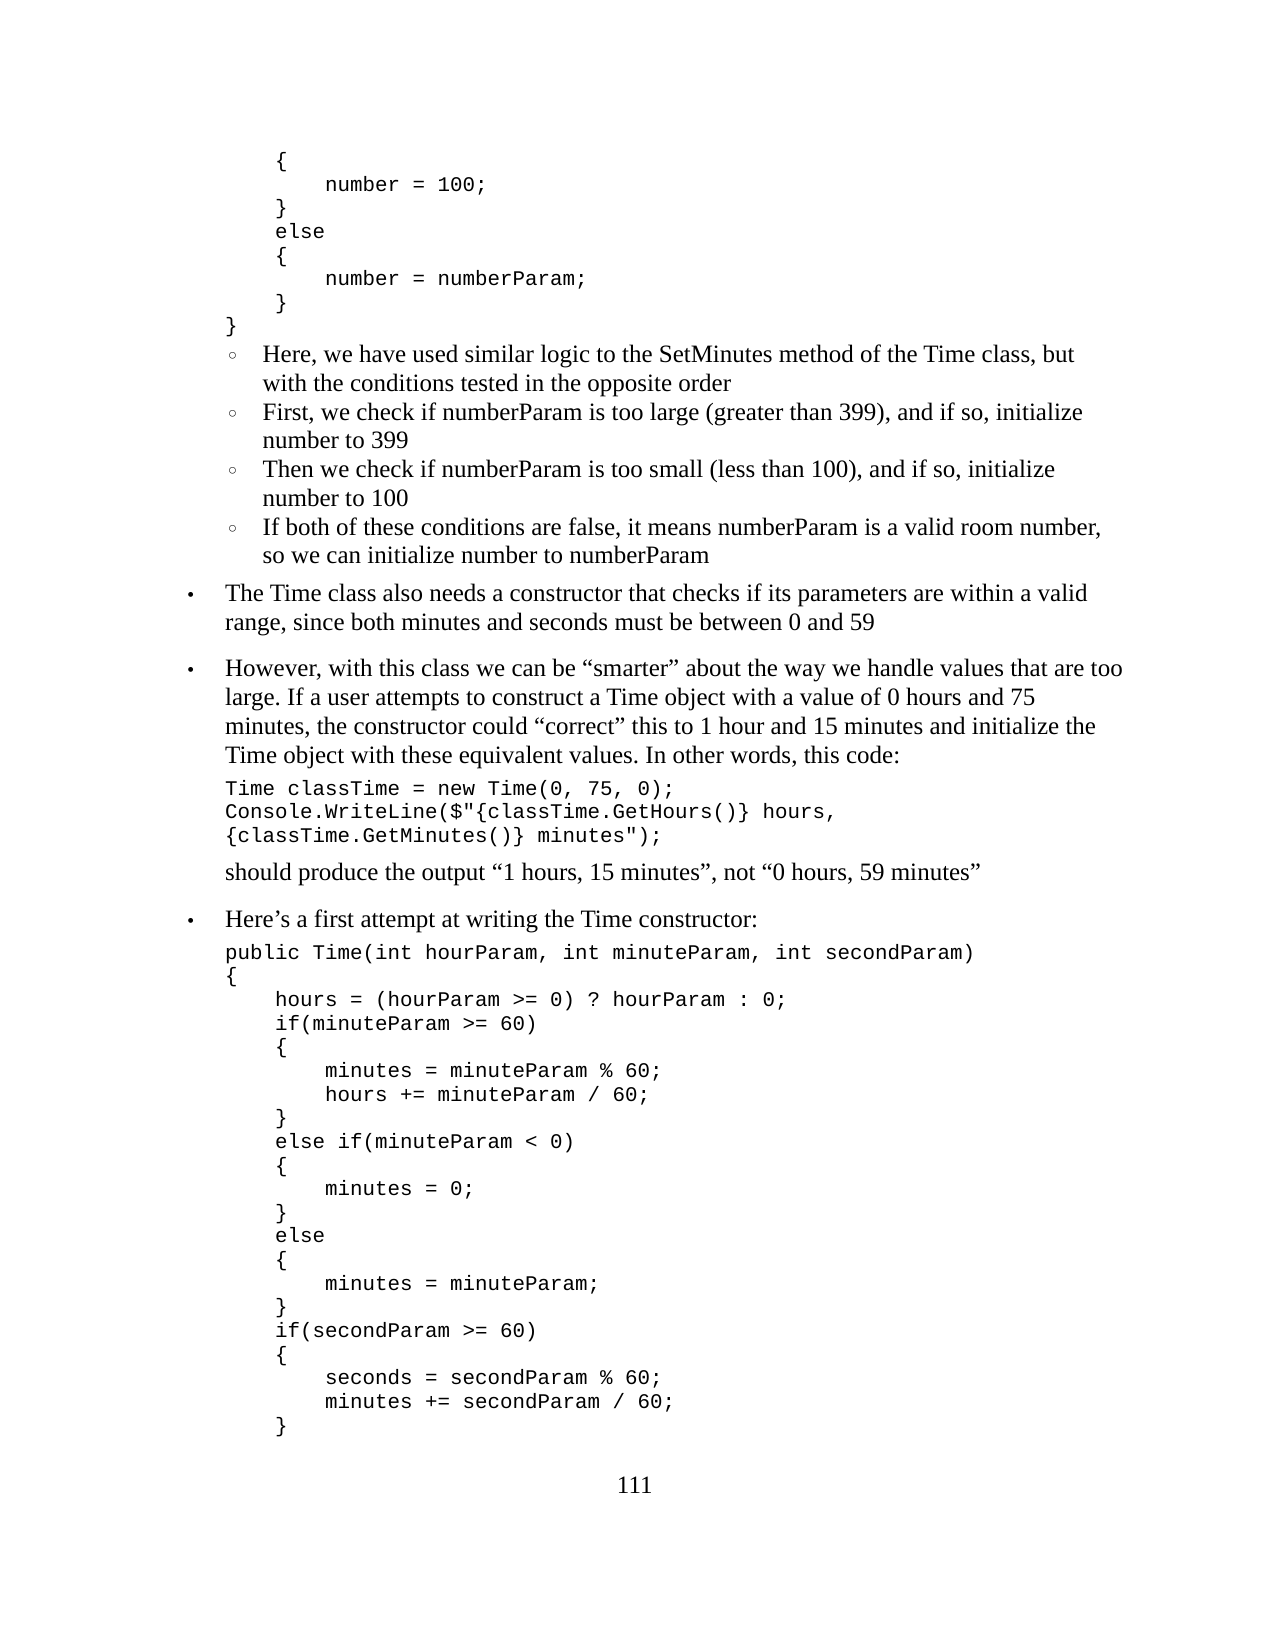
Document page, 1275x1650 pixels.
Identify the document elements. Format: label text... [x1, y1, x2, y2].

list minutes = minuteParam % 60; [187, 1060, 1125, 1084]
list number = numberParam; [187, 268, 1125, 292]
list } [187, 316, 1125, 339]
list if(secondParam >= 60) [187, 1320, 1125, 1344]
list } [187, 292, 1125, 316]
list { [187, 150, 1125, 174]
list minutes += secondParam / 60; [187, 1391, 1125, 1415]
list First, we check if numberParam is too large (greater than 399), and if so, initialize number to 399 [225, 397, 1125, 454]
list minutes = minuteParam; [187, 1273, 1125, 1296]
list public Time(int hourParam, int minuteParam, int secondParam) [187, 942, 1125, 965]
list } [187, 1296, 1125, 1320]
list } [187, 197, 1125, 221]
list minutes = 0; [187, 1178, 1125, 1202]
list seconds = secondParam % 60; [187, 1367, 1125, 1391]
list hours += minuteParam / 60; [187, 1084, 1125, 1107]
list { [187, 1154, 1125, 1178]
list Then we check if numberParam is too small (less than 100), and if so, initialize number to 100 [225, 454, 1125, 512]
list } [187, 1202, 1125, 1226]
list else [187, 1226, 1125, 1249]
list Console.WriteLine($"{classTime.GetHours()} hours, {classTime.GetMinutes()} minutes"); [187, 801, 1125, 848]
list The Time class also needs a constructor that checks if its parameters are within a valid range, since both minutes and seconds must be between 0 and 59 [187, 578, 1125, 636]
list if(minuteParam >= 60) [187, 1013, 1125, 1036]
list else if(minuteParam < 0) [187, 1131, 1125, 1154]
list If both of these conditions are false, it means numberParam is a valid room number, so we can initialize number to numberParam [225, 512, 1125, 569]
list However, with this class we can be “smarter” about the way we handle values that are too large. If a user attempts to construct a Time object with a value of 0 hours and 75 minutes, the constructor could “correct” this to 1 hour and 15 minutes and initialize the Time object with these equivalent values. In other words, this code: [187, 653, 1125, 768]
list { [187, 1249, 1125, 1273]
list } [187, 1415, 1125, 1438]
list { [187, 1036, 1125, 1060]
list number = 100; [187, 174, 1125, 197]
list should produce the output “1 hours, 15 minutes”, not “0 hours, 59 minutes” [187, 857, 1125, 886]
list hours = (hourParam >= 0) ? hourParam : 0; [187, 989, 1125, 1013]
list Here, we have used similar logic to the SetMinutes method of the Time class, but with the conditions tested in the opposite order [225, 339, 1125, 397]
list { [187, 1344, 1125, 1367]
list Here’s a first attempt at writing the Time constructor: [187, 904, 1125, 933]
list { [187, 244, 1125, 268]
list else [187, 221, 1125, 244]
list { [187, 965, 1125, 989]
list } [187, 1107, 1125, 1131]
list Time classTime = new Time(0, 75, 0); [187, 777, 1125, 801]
····················
Check each line in the data for the word "classTime", then report only how many lines contain it.

> Solved exercise
2